What to work on: Would you repeat word for word the lines of the listing that follows, from the one with "Identify the small" up to and including the one with "hfov=99.7deg. Command: get 3D bounding box.", and leave out the images?

Data for this exercise:
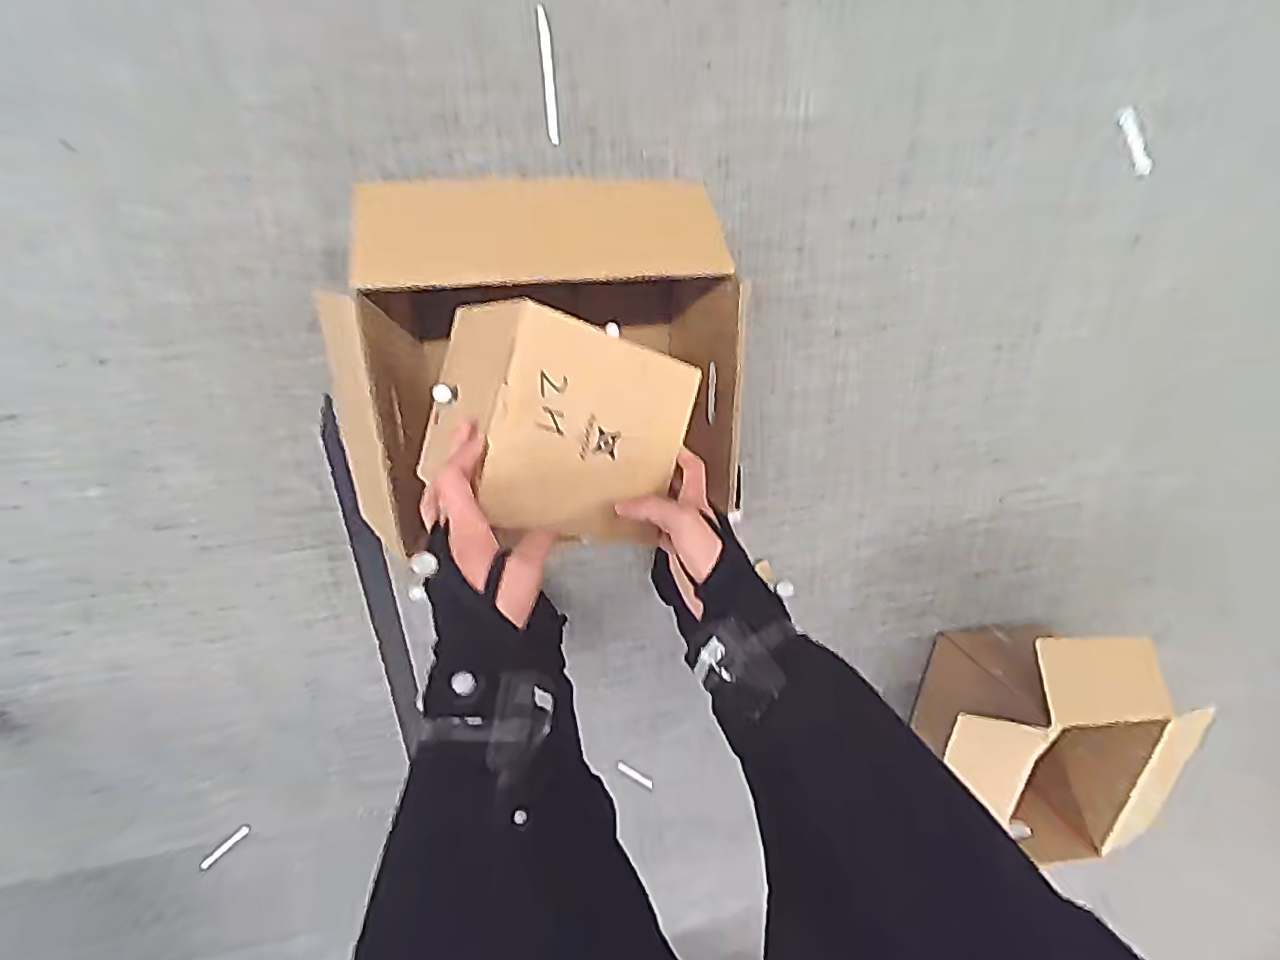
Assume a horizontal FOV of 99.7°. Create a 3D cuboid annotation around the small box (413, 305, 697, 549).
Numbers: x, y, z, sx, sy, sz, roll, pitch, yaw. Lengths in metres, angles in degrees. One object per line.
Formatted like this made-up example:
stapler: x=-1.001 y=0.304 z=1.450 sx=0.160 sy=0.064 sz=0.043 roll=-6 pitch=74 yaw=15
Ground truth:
small box: x=-0.083 y=-0.047 z=0.490 sx=0.179 sy=0.176 sz=0.168 roll=12 pitch=95 yaw=-36
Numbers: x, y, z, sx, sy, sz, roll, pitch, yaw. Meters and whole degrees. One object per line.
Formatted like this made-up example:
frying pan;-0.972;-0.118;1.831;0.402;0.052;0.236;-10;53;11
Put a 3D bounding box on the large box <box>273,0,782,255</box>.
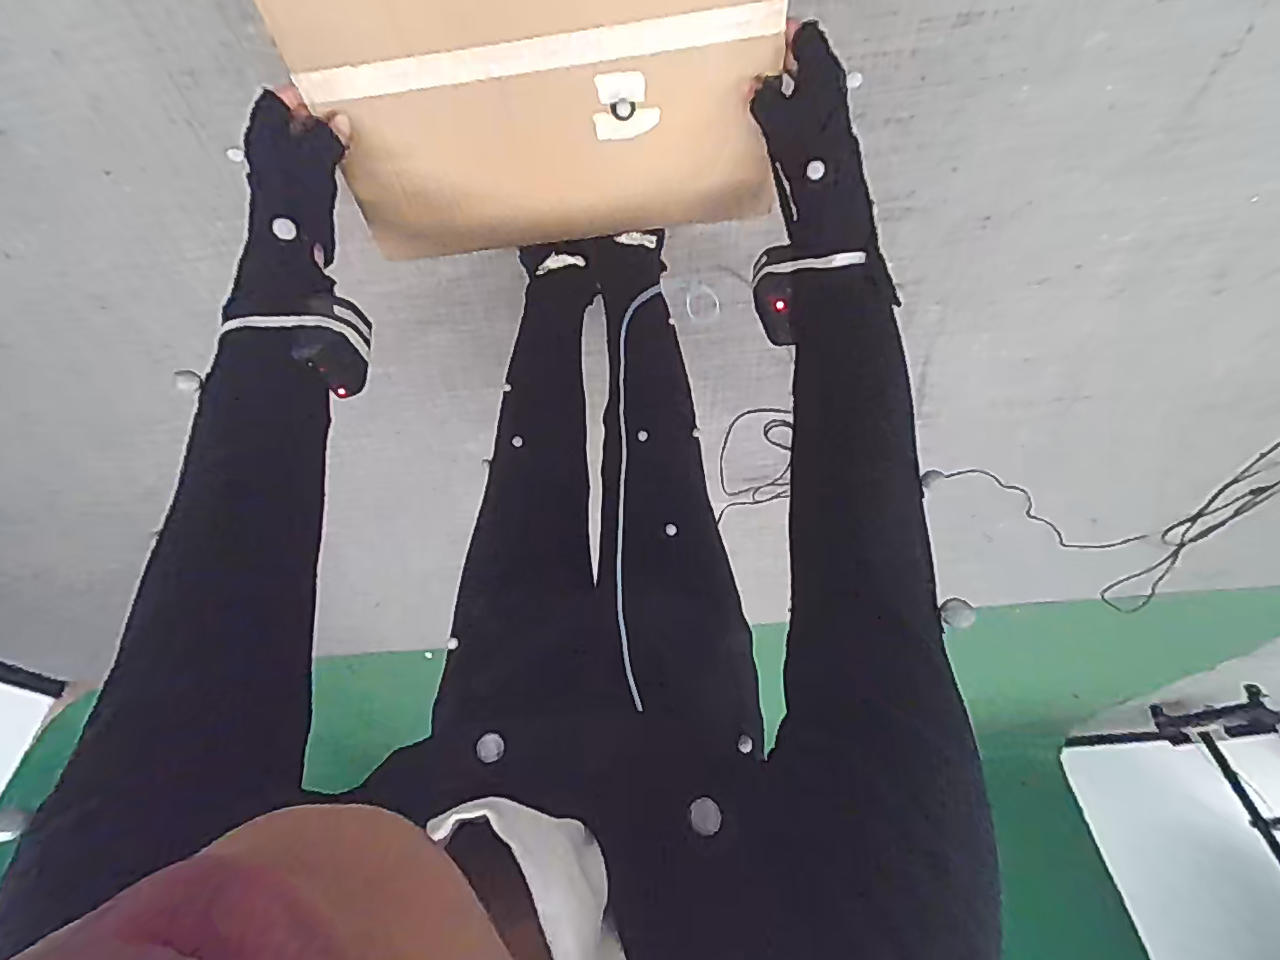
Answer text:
large box;-0.091;-0.472;0.543;0.408;0.320;0.320;-6;140;3
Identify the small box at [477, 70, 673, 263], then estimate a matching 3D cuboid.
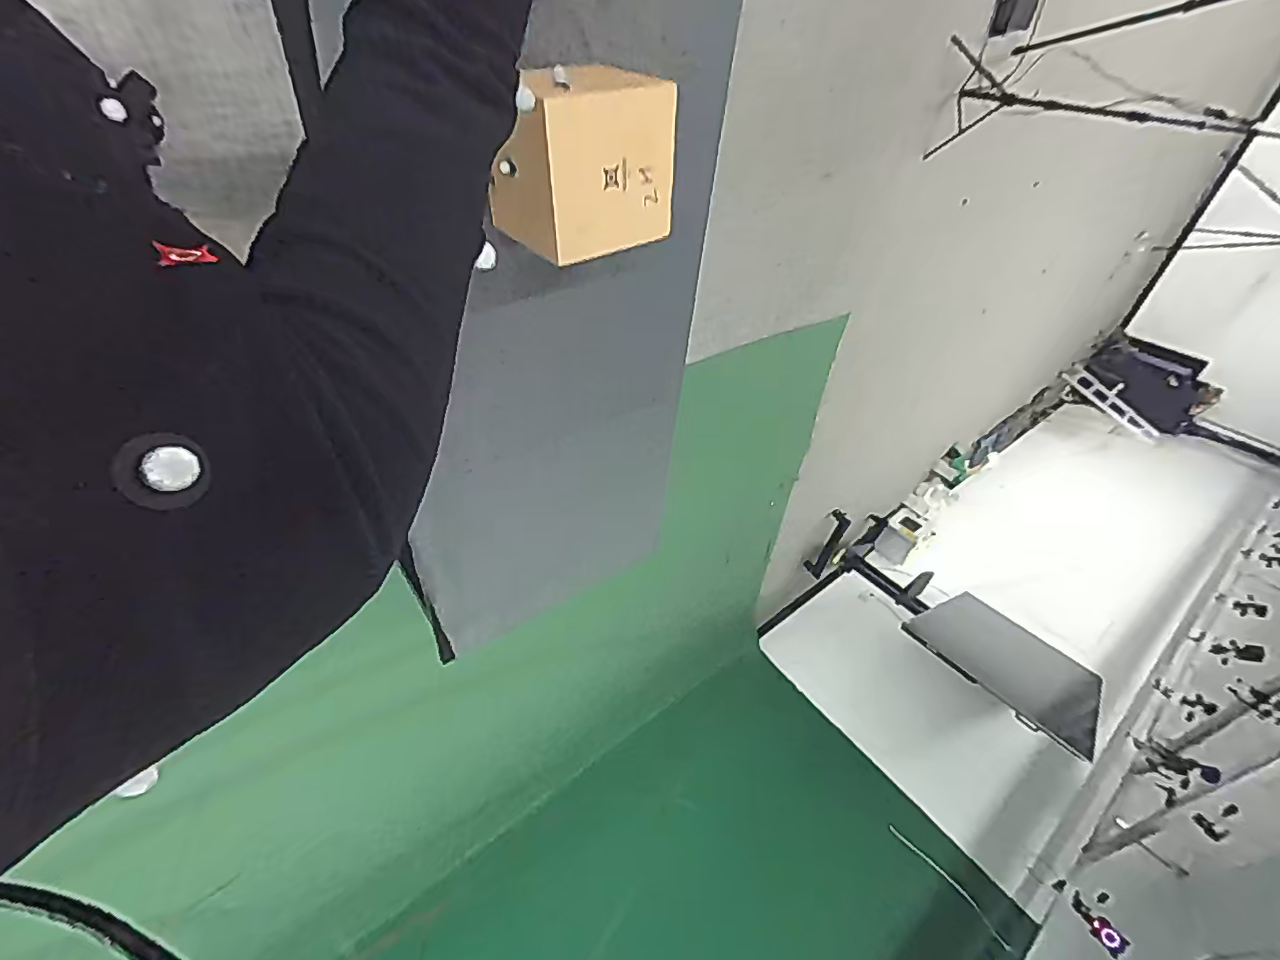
[{"bbox_3d":[-0.083,-0.390,0.664,0.179,0.176,0.168,-28,141,-28],"label":"small box"}]
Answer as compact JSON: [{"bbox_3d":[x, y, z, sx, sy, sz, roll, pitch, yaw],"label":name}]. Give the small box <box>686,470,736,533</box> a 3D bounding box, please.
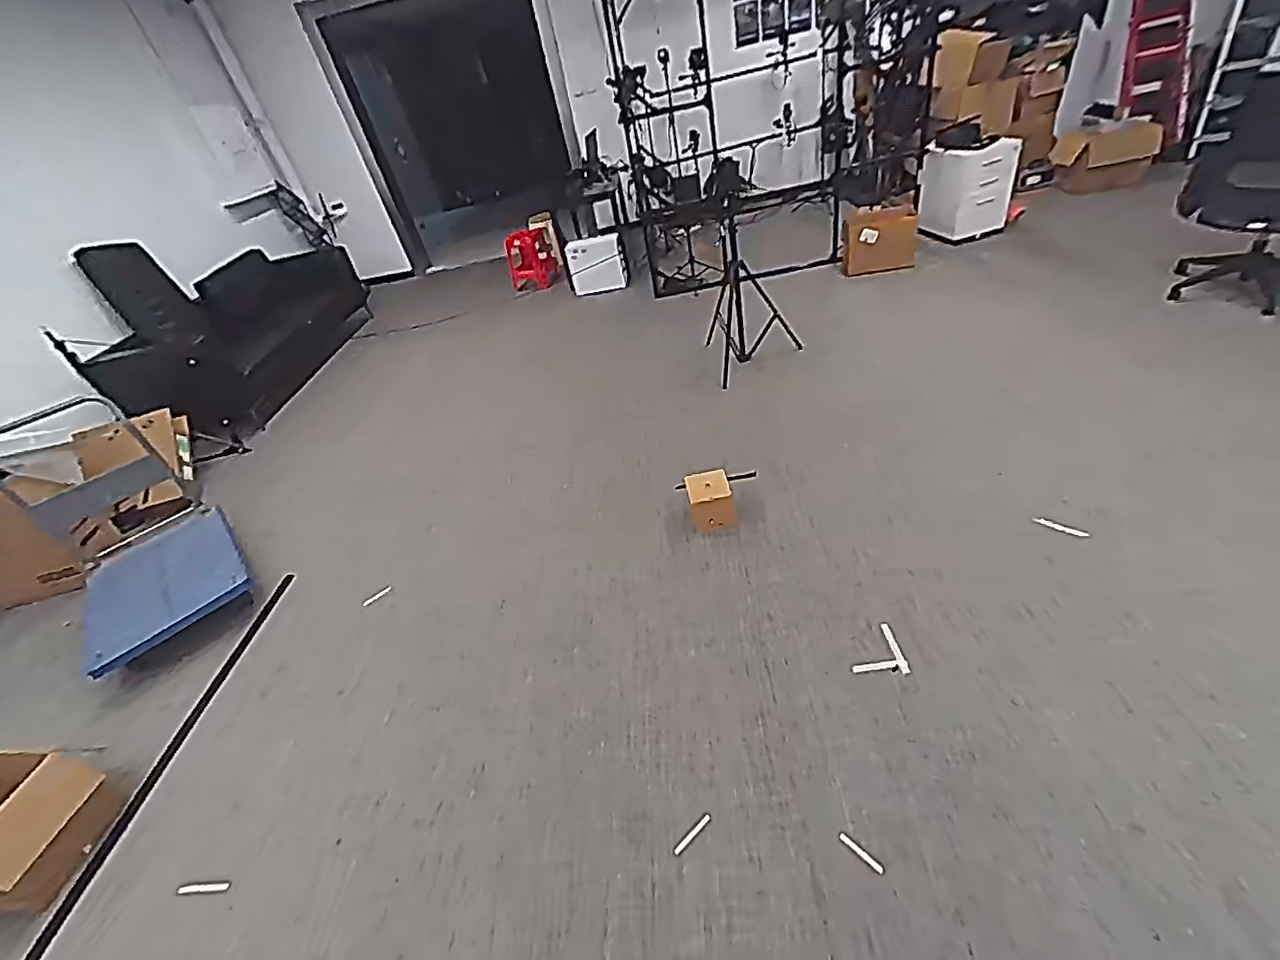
[{"bbox_3d":[0.287,0.089,2.200,0.168,0.176,0.179,-12,37,3],"label":"small box"}]
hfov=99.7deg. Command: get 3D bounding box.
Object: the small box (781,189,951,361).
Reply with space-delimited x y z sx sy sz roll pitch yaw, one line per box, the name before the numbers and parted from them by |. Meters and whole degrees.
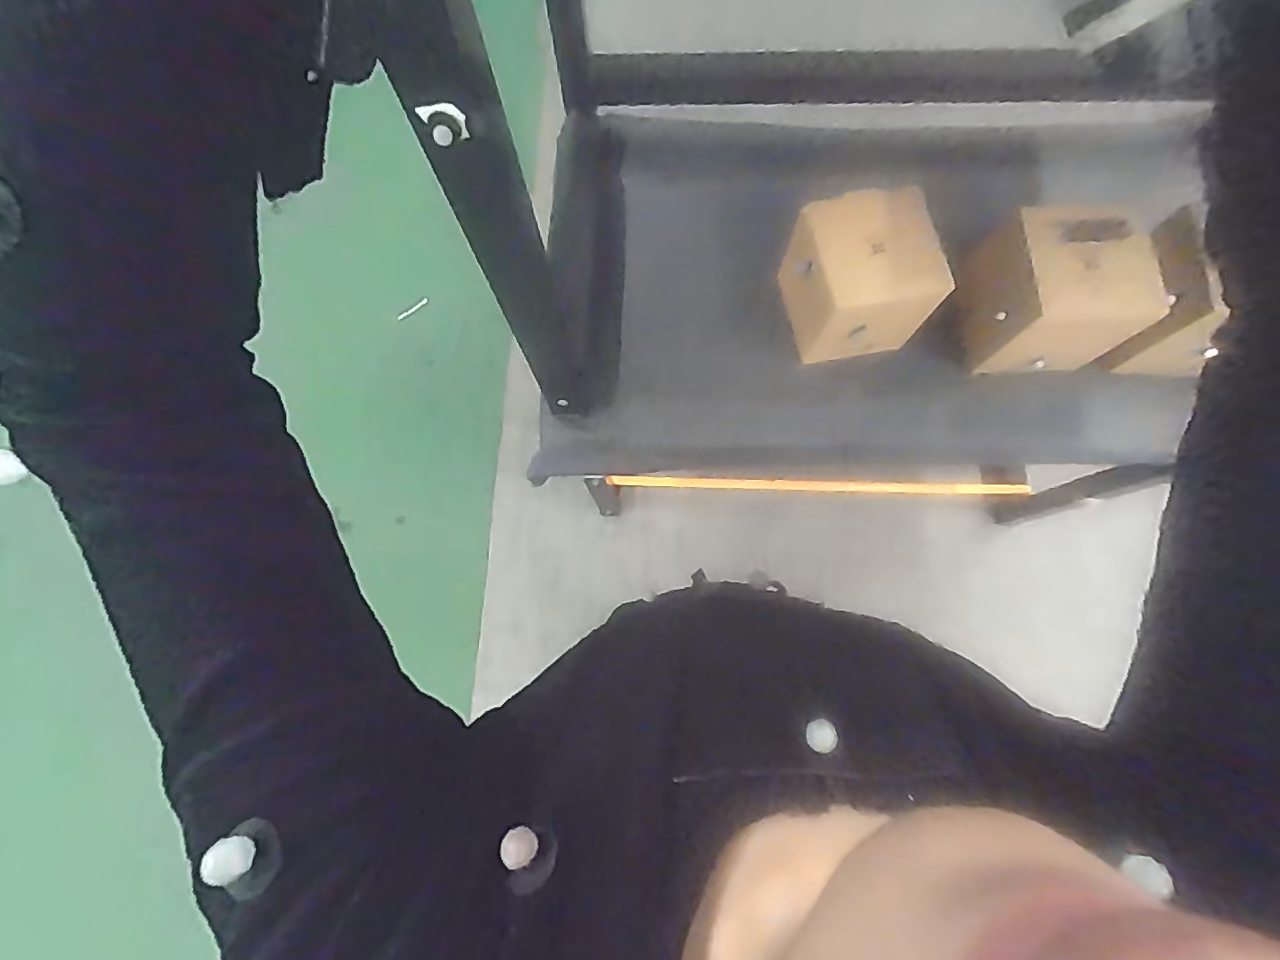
small box | 0.327 -0.296 0.820 0.168 0.176 0.179 -10 74 -1
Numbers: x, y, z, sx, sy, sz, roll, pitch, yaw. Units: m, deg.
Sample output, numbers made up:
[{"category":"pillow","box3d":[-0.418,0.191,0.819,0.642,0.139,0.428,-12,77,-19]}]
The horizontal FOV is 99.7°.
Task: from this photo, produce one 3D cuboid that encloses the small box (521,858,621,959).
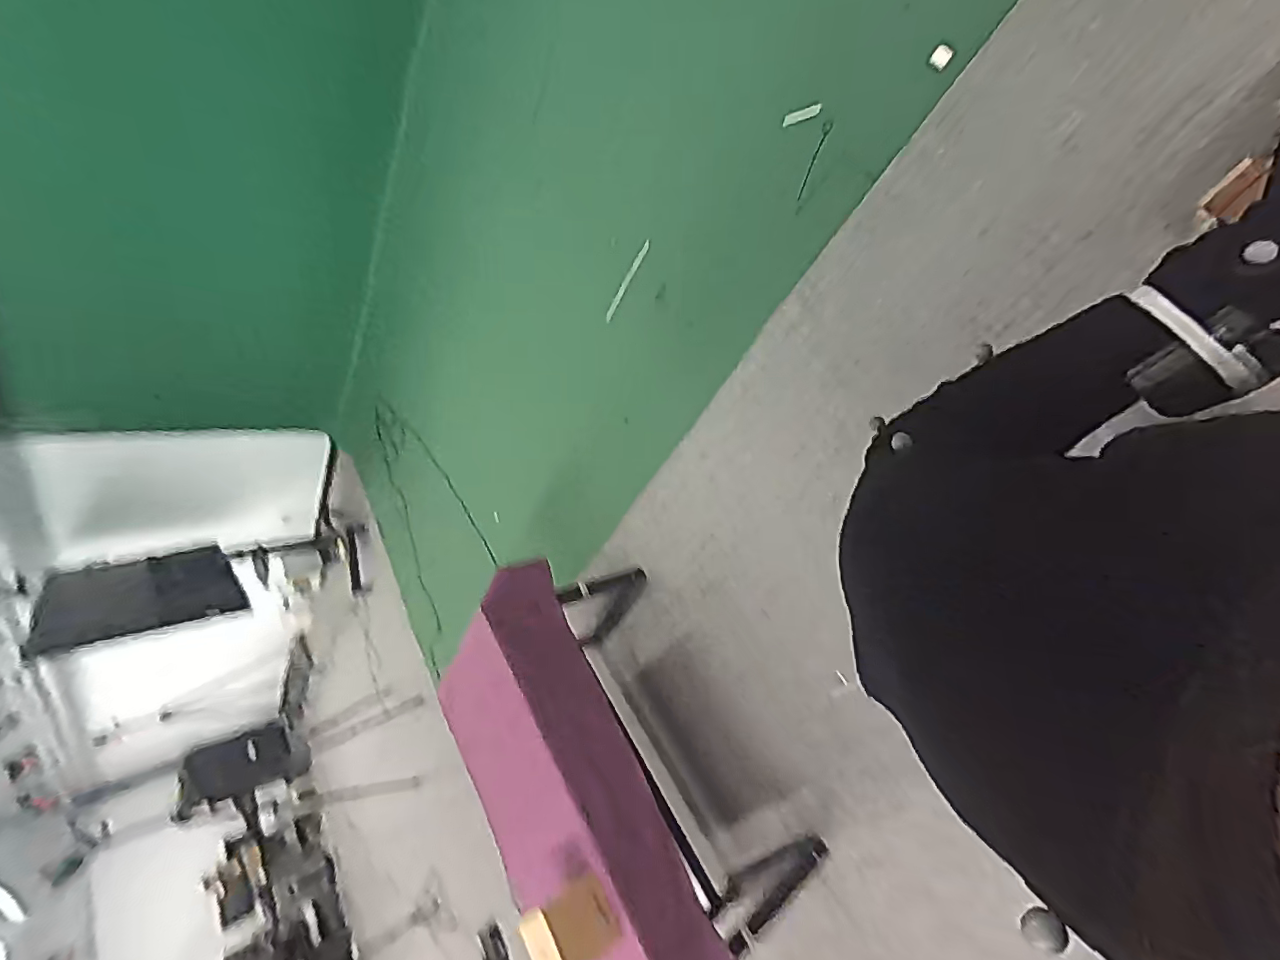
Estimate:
[{"category":"small box","box3d":[-0.178,1.133,1.410,0.168,0.176,0.179,55,130,26]}]

Result for this exercise:
Identify the small box at [477, 70, 673, 263], then estimate a matching 3D cuboid.
[{"bbox_3d":[-0.083,-0.390,0.664,0.179,0.176,0.168,-28,141,-28],"label":"small box"}]
Answer as compact JSON: [{"bbox_3d":[x, y, z, sx, sy, sz, roll, pitch, yaw],"label":name}]. Give the small box <box>686,470,736,533</box> a 3D bounding box, please.
[{"bbox_3d":[0.287,0.089,2.200,0.168,0.176,0.179,-12,37,3],"label":"small box"}]
hfov=99.7deg. Command: get 3D bounding box.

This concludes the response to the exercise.